At time `t=0` , number of nuclei of a radioactive substance are 100. At `t=1` s these numbers become 90. Find the number of nuclei at `t=2 s`.

To solve the problem step by step, we will use the radioactive decay law. ### Step 1: Understand the initial conditions At time \( t = 0 \), the number of nuclei \( N_0 \) is given as 100. At time \( t = 1 \) second, the number of nuclei \( N \) becomes 90. ### Step 2: Use the radioactive decay formula The formula for radioactive decay is given by: \[ N = N_0 e^{-\lambda t} \] Where: - \( N \) is the number of nuclei at time \( t \) - \( N_0 \) is the initial number of nuclei - \( \lambda \) is the decay constant - \( t \) is the time elapsed ### Step 3: Set up the equation for \( t = 1 \) second Substituting the known values into the decay formula for \( t = 1 \) second: \[ 90 = 100 e^{-\lambda \cdot 1} \] ### Step 4: Solve for \( e^{-\lambda} \) Rearranging the equation gives: \[ \frac{90}{100} = e^{-\lambda} \] This simplifies to: \[ e^{-\lambda} = 0.9 \] ### Step 5: Find the number of nuclei at \( t = 2 \) seconds Now we need to find the number of nuclei at \( t = 2 \) seconds.

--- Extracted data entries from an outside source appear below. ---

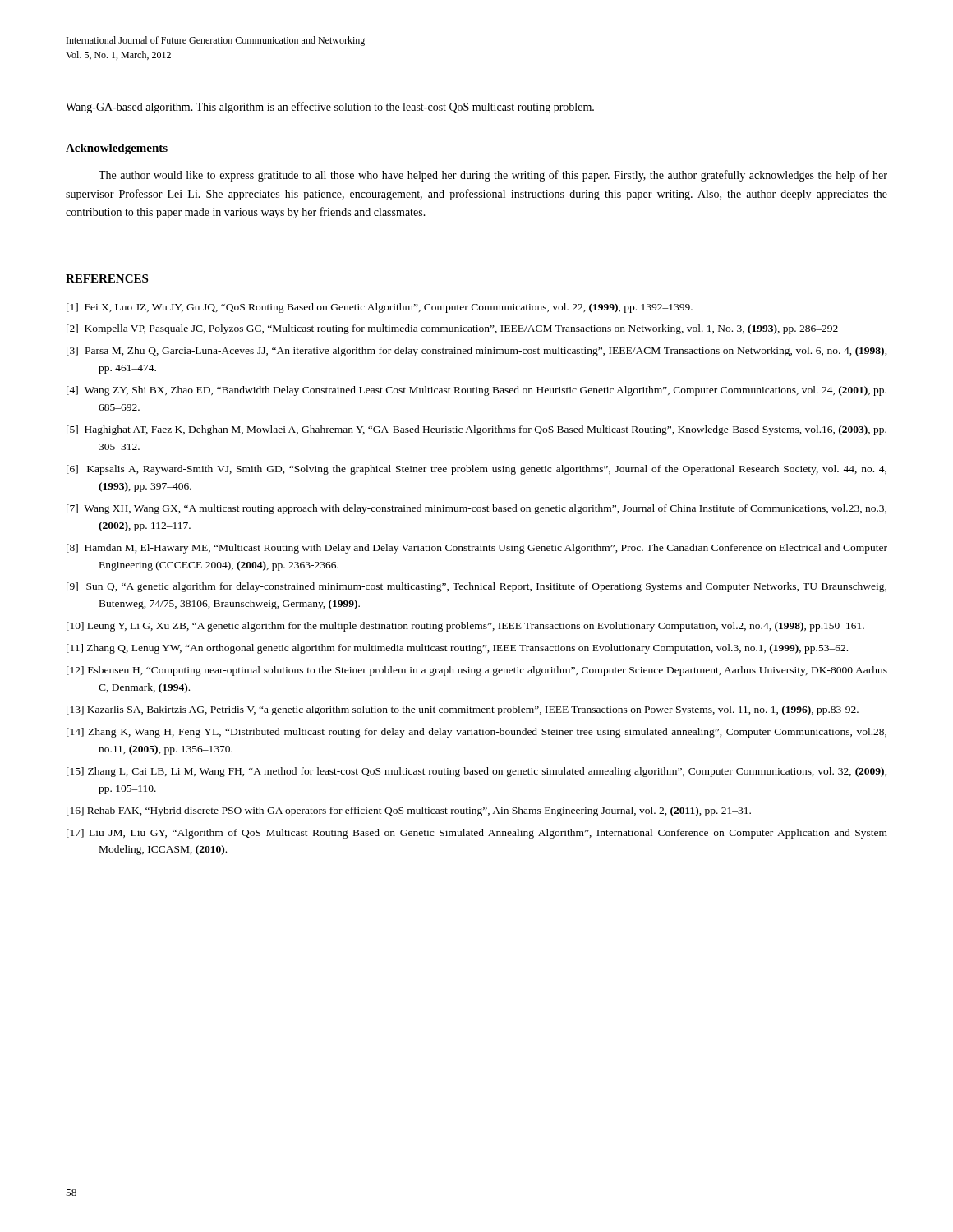Find the passage starting "[10] Leung Y, Li G,"
Viewport: 953px width, 1232px height.
(465, 626)
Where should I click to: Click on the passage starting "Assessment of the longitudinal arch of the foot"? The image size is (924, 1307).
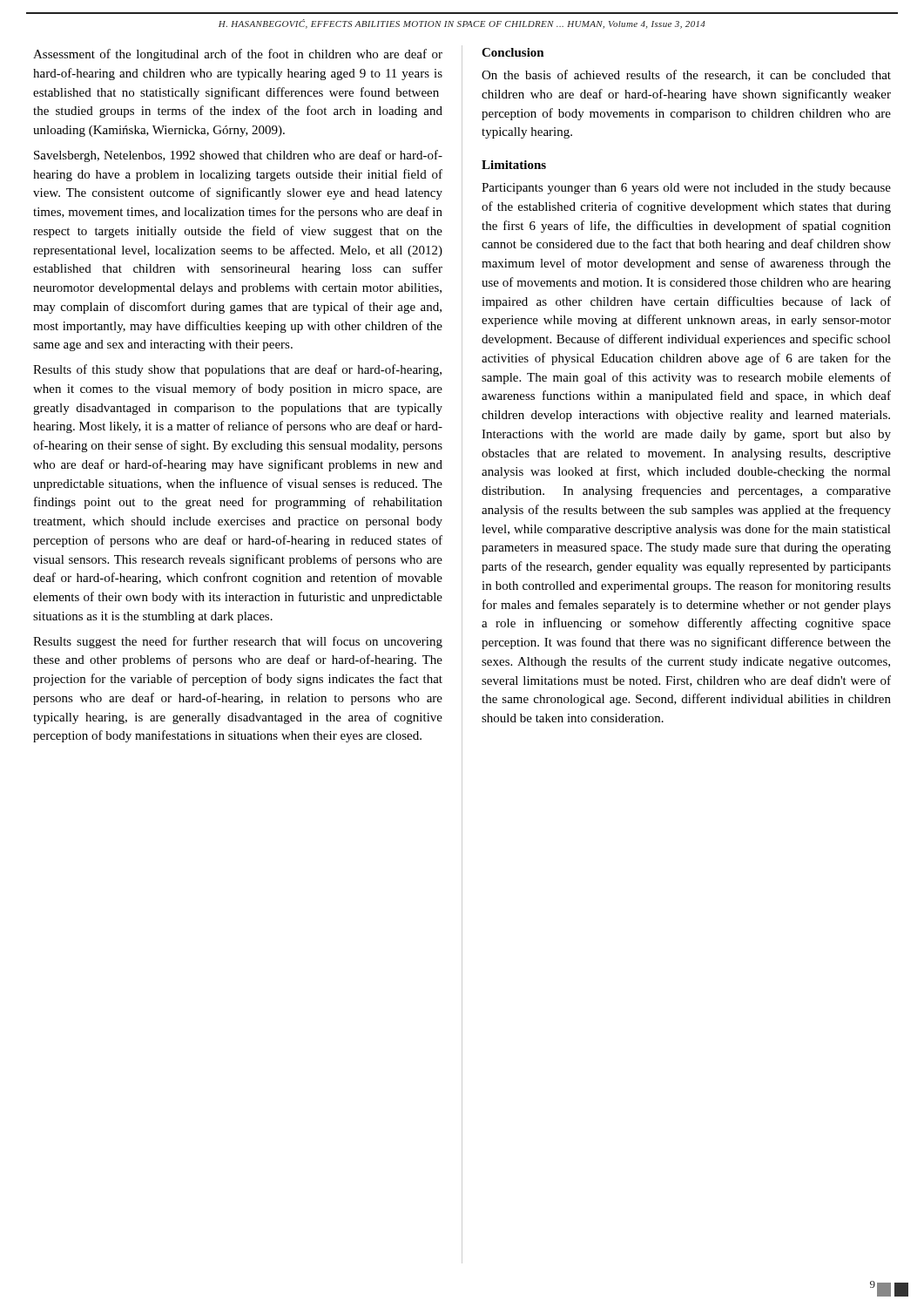coord(238,93)
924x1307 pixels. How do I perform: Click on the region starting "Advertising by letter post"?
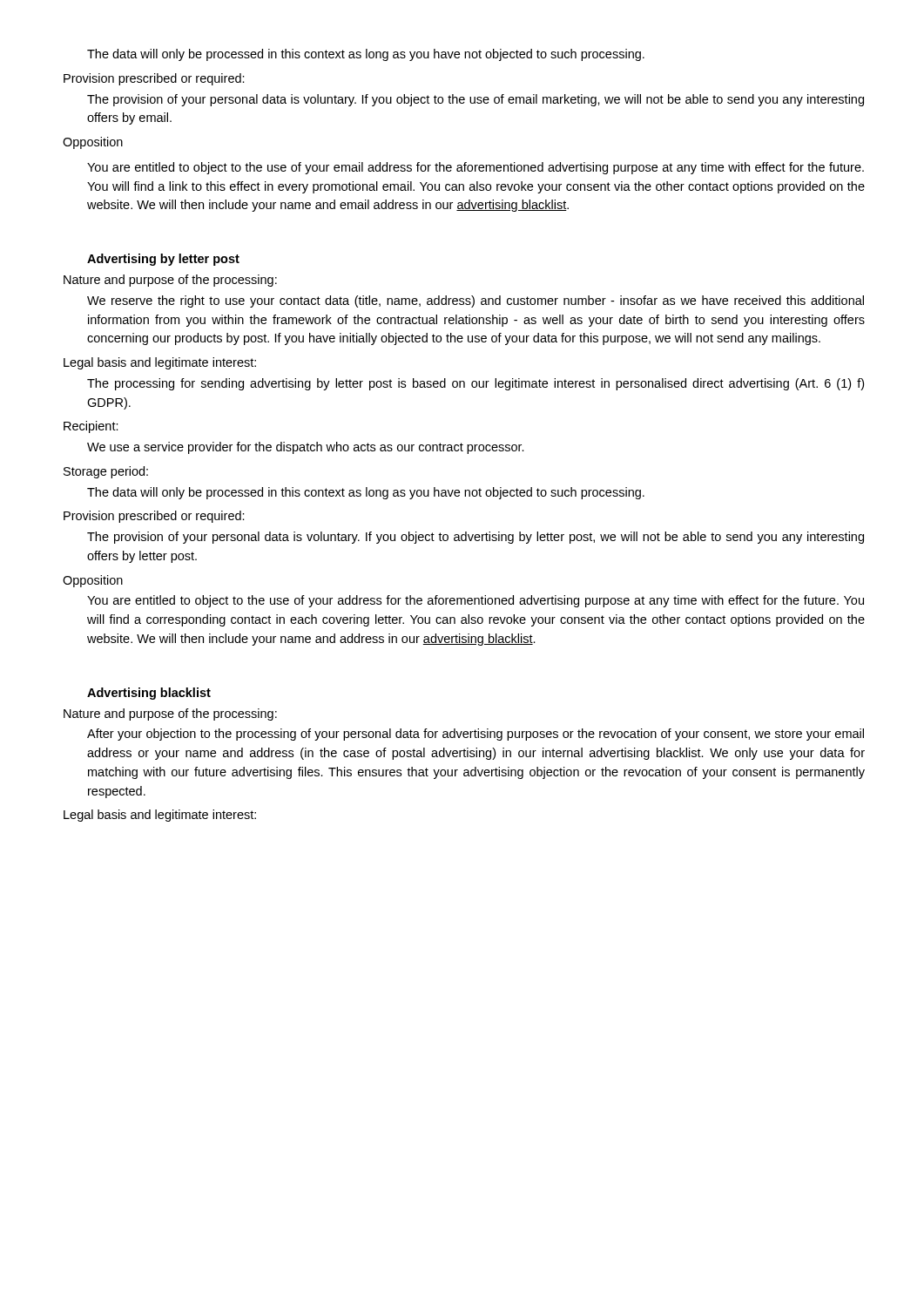163,259
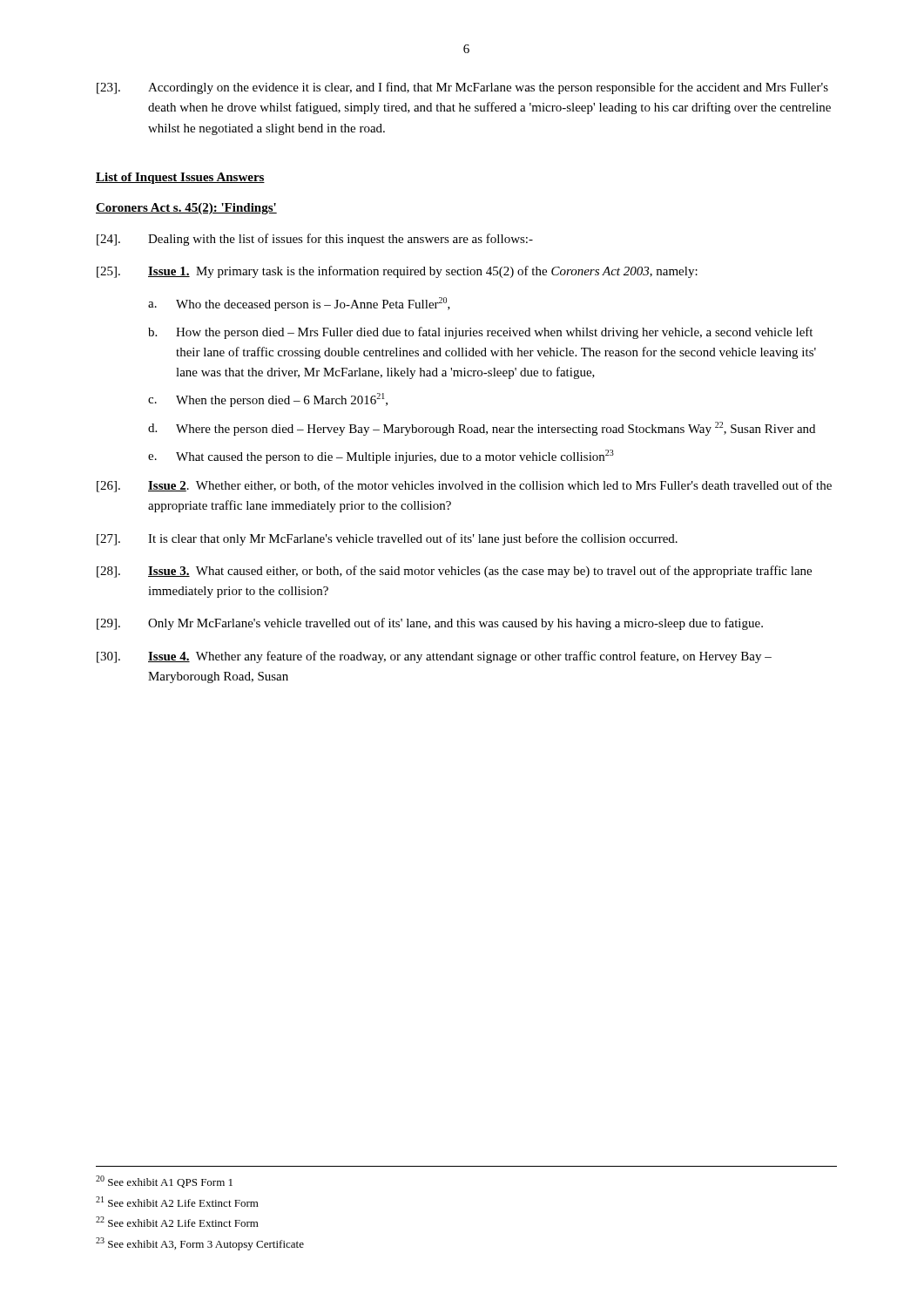Find the footnote that reads "20 See exhibit A1 QPS Form 1"
The image size is (924, 1307).
pyautogui.click(x=165, y=1181)

Using the decay formula again: \[ N = N_0 e^{-\lambda t} \] Substituting \( t = 2 \) seconds: \[ N = 100 e^{-\lambda \cdot 2} \] ### Step 6: Substitute \( e^{-\lambda} \) into the equation From the previous step, we know that \( e^{-\lambda} = 0.9 \). Therefore: \[ e^{-\lambda \cdot 2} = (e^{-\lambda})^2 = (0.9)^2 = 0.81 \] ### Step 7: Calculate \( N \) Now substituting back into the equation: \[ N = 100 \cdot 0.81 = 81 \] ### Conclusion The number of nuclei at \( t = 2 \) seconds is **81**. ---